Un po’ come il Pink Washing per quanto riguarda l’emancipazione femminile e il Green Washing per quanto concerne l’ambiente, il Rainbow Washing è un sostegno di facciata nei confronti della comunità LGBTQ+ dettato da un tornaconto personale di brand e aziende per aumentare le entrate o il consenso di un determinato target, sfruttando di fatto la nobiltà della causa per fini molto meno nobili. Occhio alla discrepanza tra la comunicazione e le azioni di un brand!
Ad esempio…
- Il controverso caso Barilla. Negli ultimi anni l’azienda ha lanciato adv, packaging e messaggi inclusivi, diventando a tutti gli effetti un brand LGBTQ+ friendly, ma non dimentichiamoci le dichiarazioni del 2013 di Guido Barilla:
“Non faremo pubblicità con omosessuali perché a noi piace la famiglia tradizionale. Se i gay non sono d’accordo, possono sempre mangiare la pasta di un’altra marca. (…) Io rispetto tutti, facciano quello che vogliono senza disturbare gli altri.“
Le dichiarazioni generarono l’indignazione generale e il boicottaggio del brand, che portò qualche mese dopo alle scuse e ad una vera e propria riforma interna all’azienda in favore di inclusività e uguaglianza, adottando azioni concrete mirate all’inclusione. Dopo questo repentino cambio di idea ci viene da pensare: sincero pentimento o astuta mossa commerciale?

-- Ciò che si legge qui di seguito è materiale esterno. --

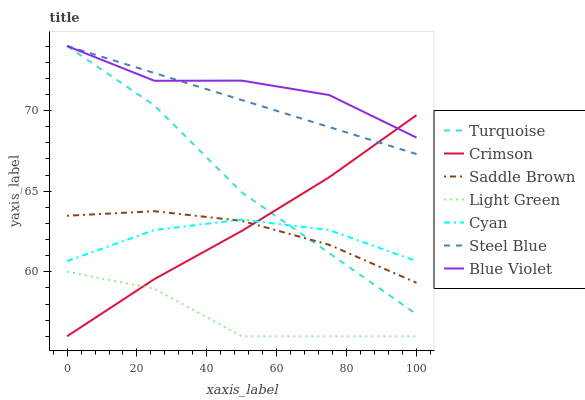Does Light Green have the minimum area under the curve?
Answer yes or no. Yes. Does Blue Violet have the maximum area under the curve?
Answer yes or no. Yes. Does Steel Blue have the minimum area under the curve?
Answer yes or no. No. Does Steel Blue have the maximum area under the curve?
Answer yes or no. No. Is Steel Blue the smoothest?
Answer yes or no. Yes. Is Blue Violet the roughest?
Answer yes or no. Yes. Is Light Green the smoothest?
Answer yes or no. No. Is Light Green the roughest?
Answer yes or no. No. Does Light Green have the lowest value?
Answer yes or no. Yes. Does Steel Blue have the lowest value?
Answer yes or no. No. Does Blue Violet have the highest value?
Answer yes or no. Yes. Does Light Green have the highest value?
Answer yes or no. No. Is Saddle Brown less than Blue Violet?
Answer yes or no. Yes. Is Blue Violet greater than Light Green?
Answer yes or no. Yes. Does Light Green intersect Crimson?
Answer yes or no. Yes. Is Light Green less than Crimson?
Answer yes or no. No. Is Light Green greater than Crimson?
Answer yes or no. No. Does Saddle Brown intersect Blue Violet?
Answer yes or no. No. 
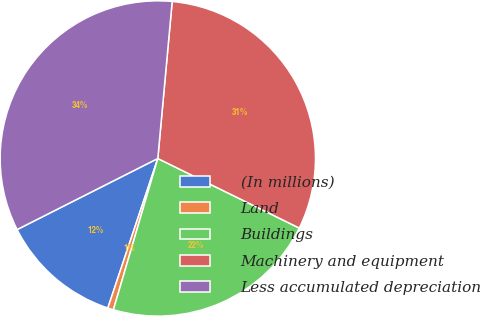Convert chart. <chart><loc_0><loc_0><loc_500><loc_500><pie_chart><fcel>(In millions)<fcel>Land<fcel>Buildings<fcel>Machinery and equipment<fcel>Less accumulated depreciation<nl><fcel>12.42%<fcel>0.59%<fcel>22.27%<fcel>30.82%<fcel>33.9%<nl></chart> 
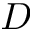Convert formula to latex. <formula><loc_0><loc_0><loc_500><loc_500>D</formula> 
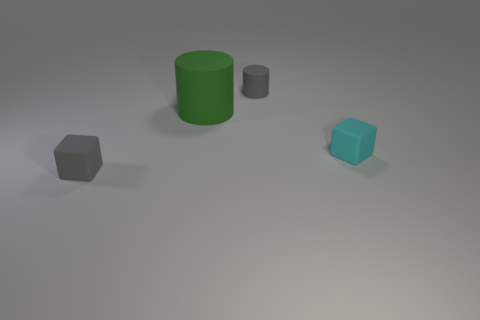Subtract all cyan blocks. How many blocks are left? 1 Add 4 tiny green metallic blocks. How many objects exist? 8 Add 4 cyan rubber blocks. How many cyan rubber blocks are left? 5 Add 3 tiny matte blocks. How many tiny matte blocks exist? 5 Subtract 0 red cylinders. How many objects are left? 4 Subtract all small matte things. Subtract all small gray cylinders. How many objects are left? 0 
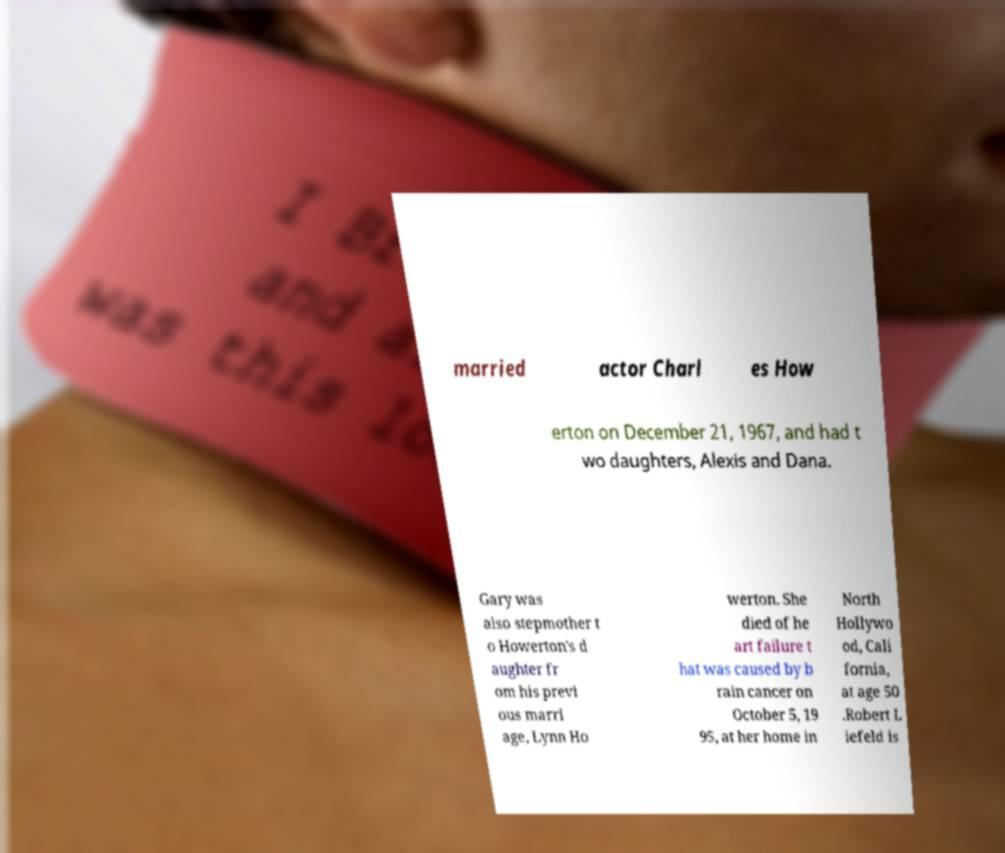Please identify and transcribe the text found in this image. married actor Charl es How erton on December 21, 1967, and had t wo daughters, Alexis and Dana. Gary was also stepmother t o Howerton's d aughter fr om his previ ous marri age, Lynn Ho werton. She died of he art failure t hat was caused by b rain cancer on October 5, 19 95, at her home in North Hollywo od, Cali fornia, at age 50 .Robert L iefeld is

- L’incoerenza di Primark. Nel 2018 Primark lancia una collezione dedicata al Pride, composta di t-shirt, cappellini e altri articoli a tema rainbow, di cui il 20% degli incassi destinati all’associazione britannica anti-discriminazioni Stonewall. Tutto molto bello, se non fosse che Primark produce i suoi capi in Turchia, Birmania e Bangladesh, alcuni tra i paesi con il più alto tasso di discrimi- nazioni omofobe, in cui la libertà di parola ed espressione non sono rispettati, e in cui l’omosessualità è ancora punita con la reclusione, finanziando di fatto l’omofobia dilagante di tali Paesi.
SI POSSONO SUPPORTARE I DIRITTI CIVILI SENZA FARE RAINBOW WASHING?
Certo che si, ad esempio:
- Versace. Da sempre concretamente in prima linea sui diritti civili insieme al fratello Gianni, Donatella Versace è sempre stata un’alleata fin da tempi non sospetti. Dal 2020 collabora con icone LGBTQ+ come Lady Gaga e Cher, donando parte dei ricavati ad associazioni anti-bullismo, in supporto dei diritti LGBTQ+ e per la lotta all’AIDS. Inoltre, dal giugno 2022 Donatella ha fondato The Versace Foundation, un’associazione benefica che mira al supporto e alla conservazione della storia e della cultura Queer e a promuovere uguaglianza, benessere e sicurezza nella comunità.
- IKEA. La campagna “Home Pride Home” con Agedo (associazione di genitori e amici di persone LGBTQ+), definiva la casa come il luogo dell’inclusione evidenziando l’importanza del contesto familiare e sociale. L’attenzione di IKEA verso questi temi è decisamente genuina; l’azienda è molto inclusiva verso i suoi dipendenti, adottando politiche di protezione verso le minoranze, a tal punto che ogni Paese ha un ambassador che si occupa al 100% di Diversity. Oltre a collaborare con numerose associazioni filantropiche, ha un piano di inclusione LGBTQ+ globale e ha co-creato e sostenuto gli Standard di condotta delle Nazioni Unite sulla gestione della discriminazione contro le persone LGBT+ nell’ambiente di lavoro e nella comunità.